Anaylisis 2: Load Balancer Scalability Analysis

Overview

This analysis evaluates the scalability of a load balancer by incrementally increasing the number of server instances from N=2 to N=6 and launching 10,000 requests for each configuration. The aim is to report and analyze the average server load for each increment.

Experiment Setup

  • Total Requests per Configuration: 10,000
  • Number of Server Instances: Incrementally increased from 2 to 6
  • Measurement: Average load on servers at each run
  • Total Time for 10,000 Requests: 3 minutes

Results

The results are visually represented in a series of line charts depicting the average server load as the number of servers increases.

Key Observations

  1. Load Distribution: The graphs demonstrate a declining trend in average server load as the number of servers (N) increases. This indicates that the load balancer is distributing requests across an increasing number of server instances.

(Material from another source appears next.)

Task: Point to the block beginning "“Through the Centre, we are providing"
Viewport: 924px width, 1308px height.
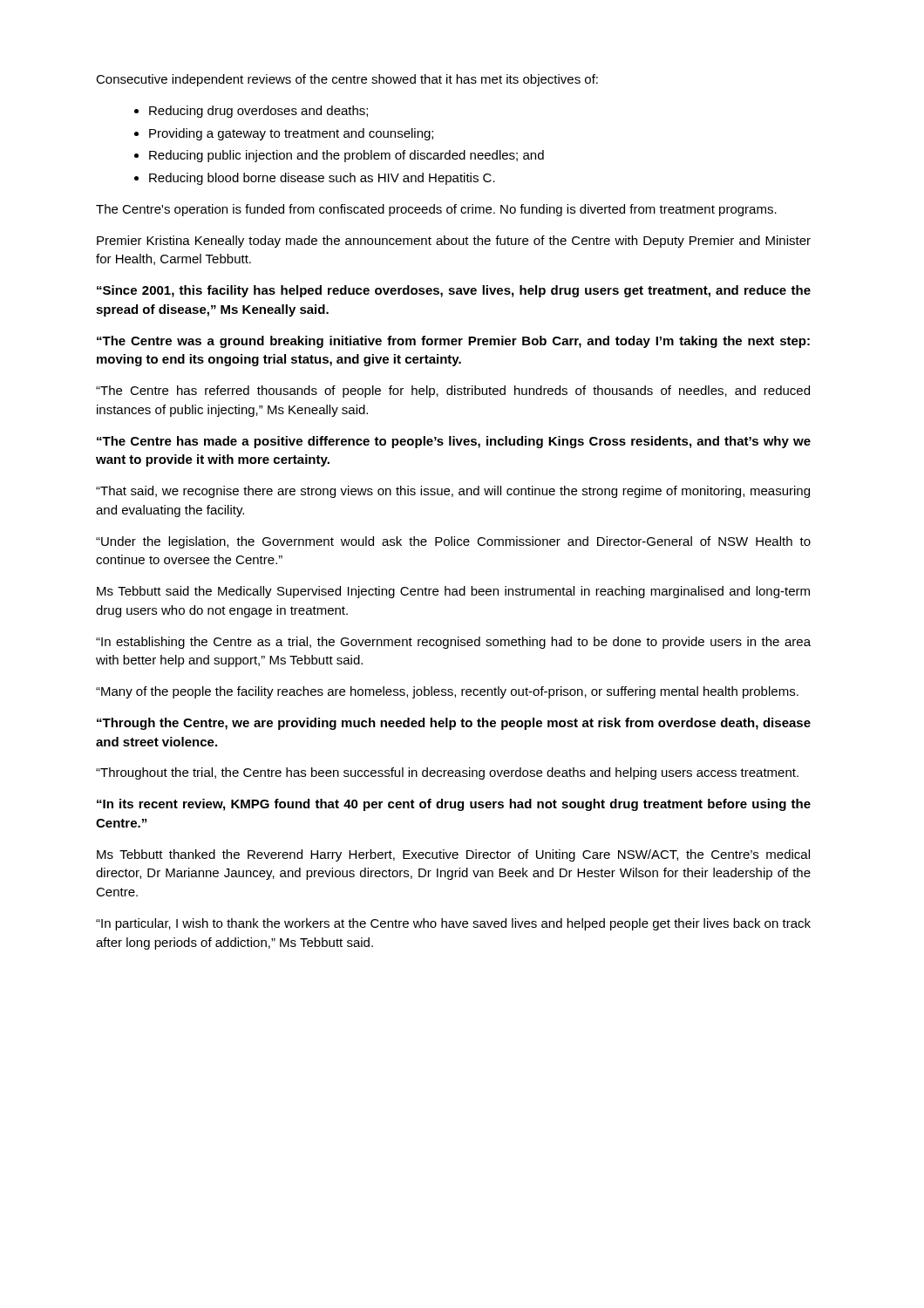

  2. Scalability: The load balancer shows evidence of scalability as the average load per server decreases with the addition of each server. However, the presence of a skewed load in individual servers suggests that the hash function may not be distributing the load evenly.

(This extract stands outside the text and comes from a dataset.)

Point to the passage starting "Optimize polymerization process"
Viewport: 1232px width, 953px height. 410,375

  3. Hash Function Impact: The graphs illustrate some level of inconsistency in load distribution, which can be attributed to the nature of the hash functions used. The average load per server does not decrease linearly with the addition of more servers, indicating potential inefficiencies in the hash function:

    func hashRequest(i int) int {
        return i*i + 2*i + 17
    }
    
    func hashVirtualServer(i, j int) int {
        return i*i + j*j + 2*j + 25
    }
  4. Performance Consistency: The varying graphs for different runs imply that the server allotment by the load balancer is subject to randomization due to the hash functions, affecting the consistency of performance.

Analysis

The trend lines in the charts show that as the number of servers increases, the load on each server, on average, decreases. This is expected in a scalable system. However, the observed skew in some server loads suggests that the current load balancing algorithm may not be ideal. The non-linear decrease in load with additional servers points to a potential suboptimal load distribution, which could lead to some servers being underutilized while others are at risk of being overloaded.

Conclusion

The load balancer demonstrates basic scalability by effectively distributing requests across an increasing number of servers. However, the hash functions used appear to be a limiting factor in achieving optimal load distribution. To ensure consistent performance as the system scales, a more sophisticated load balancing strategy should be considered. Such a strategy could include dynamic load assessment, weighted distribution mechanisms, or more complex hashing algorithms that prevent the overloading of individual servers.


Analysis 3:

we manually ran docker stop <server-hostname> to simulate a server failure. The load balancer was able to spawn a new server instance and handle the load within 5-6 seconds.

Analysis 4:

Load Balancer Hash Function Update Analysis

Overview

We updated the hash functions to analyze their impact on load distribution and server performance.

Modified Hash Functions

func hashRequest(i int) int {
    return i
}

func hashVirtualServer(i, j int) int {
    return i*i + j*j + 2*j + 25
}

Observations from A-1

  • Load Distribution: The updated hash function resulted in a load imbalance across servers (as seen in A4_A1.png).
  • Server Utilization: Server 1 received a significantly higher load compared to others.

Observations from A-2

  • Average Load: As the number of servers increased from 2 to 6, the average load per server remained relatively constant (as seen in A4_A2_2.png to A4_A2_6.png).
  • Load Scalability: Despite additional servers, the load did not distribute evenly, suggesting the hash function lacks effective scalability.

Conclusion

The hash functions led to uneven load distribution, highlighting the need for a more sophisticated approach to achieve balanced scalability.